Updated Architecture

The full scaled architecture

After caching, DB sharding, and peak traffic handling — this is what the complete system looks like. Every layer is redundant, every bottleneck has been addressed.

Full system diagram¶

graph TD
    C[Client / Browser] -->|HTTPS| CLB[Cloud Load Balancer managed by provider]
    CLB --> GW1[API Gateway 1 Zone A]
    CLB --> GW2[API Gateway 2 Zone B]
    CLB --> GW3[API Gateway 3 Zone C]
    GW1 & GW2 & GW3 --> AS[App Server Fleet auto-scaled]
    AS -->|check local cache first| LC[Local In-Process Cache hot keys only]
    AS -->|cache lookup| RC[Redis Cluster ~27GB steady state]
    AS -->|cache miss| DB[(DB Shards 8 shards x 3 replicas)]
    RC -->|miss| DB

Request flow at peak — redirect¶

1. User clicks bit.ly/x7k2p9
   Browser → HTTPS → Cloud LB

2. Cloud LB routes to one of 3 API Gateway instances

3. API Gateway:
   - Rate limit check
   - TLS already terminated
   - Load balance to one app server

4. App server:
   a. Check local in-process cache → HIT (hot key) → return 301 immediately
   b. Miss → check Redis Cluster → HIT → return 301, async populate local cache
   c. Miss → query DB shard → return 301, async populate Redis + local cache

5. Browser follows 301 → Location: https://long-url.com

Request flow at peak — creation¶

1. Client → POST /api/v1/urls { long_url }
   → Cloud LB → API Gateway → App server

2. App server:
   - Generate random 6-char base62 short code
   - Check DB shard for collision (unique index lookup)
   - If collision → regenerate
   - INSERT into DB shard primary
   - Set cookie: ryow_until = now + 30s
   - Return 200 { short_url: bit.ly/x7k2p9 }

3. Cache NOT populated on creation (write-around)
   First click populates cache

The numbers after all deep dives¶

Total reads at peak     → 1M/sec
Local cache absorbs     → hot keys, ~varies
Redis serves            → 80%+ of remaining reads
DB sees at peak         → ~200k/sec → spread across 8 shards × 2 secondaries = 16 read nodes
                        → ~12.5k reads/sec per node ← within Postgres capacity ✓

Total writes            → 1k/sec → all to shard primaries → ~125 writes/sec per shard ← trivial

Every SPOF eliminated¶

Component	Redundancy
Cloud LB	Managed by provider, multi-zone
API Gateway	3 instances across 3 availability zones
App servers	Auto-scaled fleet, stateless
Redis	Cluster mode, multiple nodes
DB	8 shards × 3 replicas = 24 machines

No single machine failure takes down the system at any layer.

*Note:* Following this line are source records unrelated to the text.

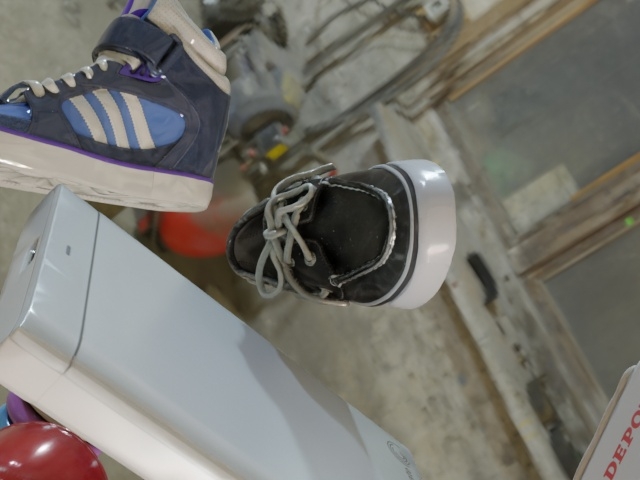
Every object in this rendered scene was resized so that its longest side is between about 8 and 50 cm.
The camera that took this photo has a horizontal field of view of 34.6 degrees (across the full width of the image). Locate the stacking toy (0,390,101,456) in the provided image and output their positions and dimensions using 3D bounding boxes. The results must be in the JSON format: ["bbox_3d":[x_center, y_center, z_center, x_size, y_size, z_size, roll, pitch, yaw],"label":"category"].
[{"bbox_3d":[-0.385,0.303,1.245,0.141,0.330,0.141,37,7,-5],"label":"stacking toy"}]

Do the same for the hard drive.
[{"bbox_3d":[-0.052,0.117,0.683,0.353,0.047,0.233,40,10,-21],"label":"hard drive"}]

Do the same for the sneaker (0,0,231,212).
[{"bbox_3d":[-0.236,-0.166,1.054,0.323,0.130,0.236,11,80,-38],"label":"sneaker"}]

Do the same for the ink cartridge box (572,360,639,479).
[{"bbox_3d":[0.405,0.318,0.980,0.160,0.279,0.384,21,9,-20],"label":"ink cartridge box"}]

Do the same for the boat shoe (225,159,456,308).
[{"bbox_3d":[0.000,-0.004,0.808,0.105,0.306,0.113,0,91,-21],"label":"boat shoe"}]

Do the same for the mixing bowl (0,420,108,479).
[{"bbox_3d":[-0.320,0.285,1.073,0.181,0.181,0.098,58,6,7],"label":"mixing bowl"}]
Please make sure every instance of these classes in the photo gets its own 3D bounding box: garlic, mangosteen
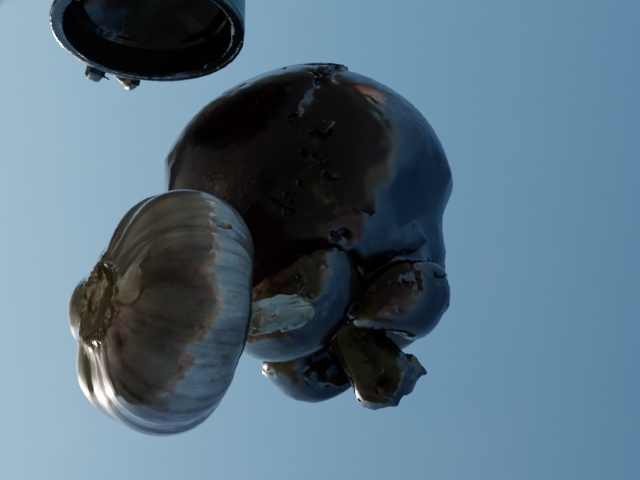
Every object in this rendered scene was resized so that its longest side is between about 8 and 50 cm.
[{"bbox_3d":[-0.108,0.072,1.179,0.245,0.253,0.245,-19,-113,54],"label":"garlic"},{"bbox_3d":[-0.022,-0.007,1.476,0.381,0.381,0.421,-16,-122,34],"label":"mangosteen"}]

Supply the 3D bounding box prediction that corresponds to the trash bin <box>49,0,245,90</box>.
[{"bbox_3d":[-0.192,-0.350,1.398,0.277,0.217,0.263,-34,-131,51],"label":"trash bin"}]
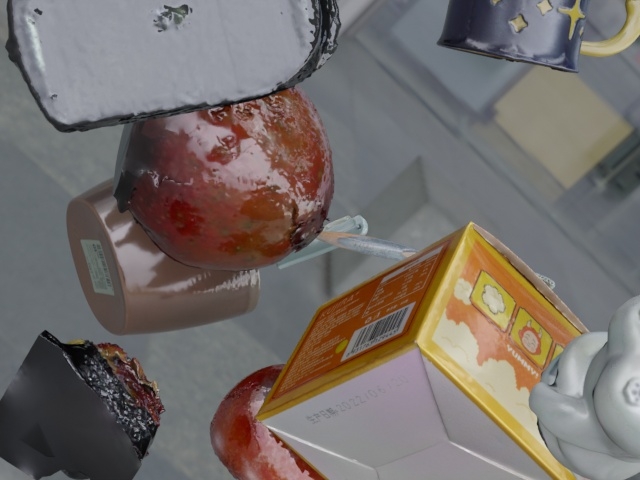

Known remaining limitations¶

Pre-generated key DB  → collision retry degrades at high DB fill rate → next deep dive
Fault isolation       → creation and redirect share app servers → next deep dive
Analytics             → out of scope, but 301 means no click tracking possible

Interview framing

"Full stack at peak: Cloud LB → 3 API Gateway instances → auto-scaled app server fleet → local cache for hot keys → Redis Cluster → 8 DB shards with 3 replicas each. 1M reads/sec: local cache absorbs hot keys, Redis absorbs 80%+, DB sees ~200k/sec spread across 16 read nodes — ~12.5k each, within capacity. No single point of failure at any layer."